[PROBLEM DETAILS]
In the listing below, every line with the word "object" needs to be copied.

___

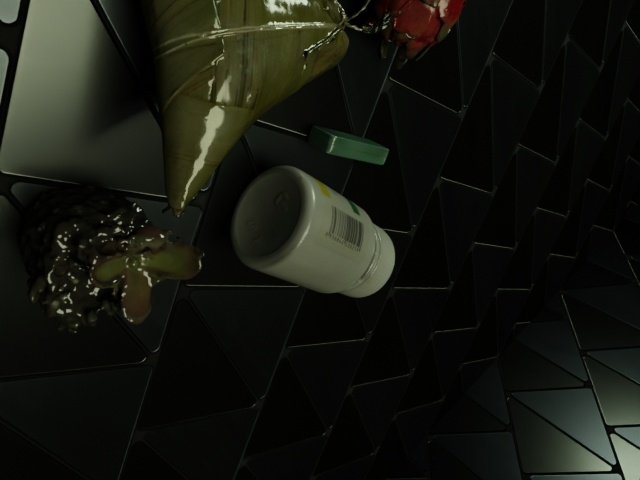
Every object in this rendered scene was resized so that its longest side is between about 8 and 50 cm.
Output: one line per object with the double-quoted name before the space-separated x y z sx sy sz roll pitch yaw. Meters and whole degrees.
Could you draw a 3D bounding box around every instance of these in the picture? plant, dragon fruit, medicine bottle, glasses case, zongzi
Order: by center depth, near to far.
"plant" -0.329 0.028 0.752 0.204 0.234 0.178 -11 127 -46
"zongzi" -0.067 -0.247 0.812 0.447 0.182 0.417 -3 92 -44
"dragon fruit" 0.182 -0.462 0.980 0.192 0.193 0.273 -57 152 -50
"medicine bottle" 0.000 0.000 1.063 0.340 0.208 0.208 26 95 -49
"glasses case" 0.062 -0.204 1.093 0.184 0.078 0.039 2 116 -44

___

[TASK RESULT]
Every object in this rendered scene was resized so that its longest side is between about 8 and 50 cm.
Output: one line per object with the double-quoted name before the space-separated x y z sx sy sz roll pitch yaw. Meters and whole degrees.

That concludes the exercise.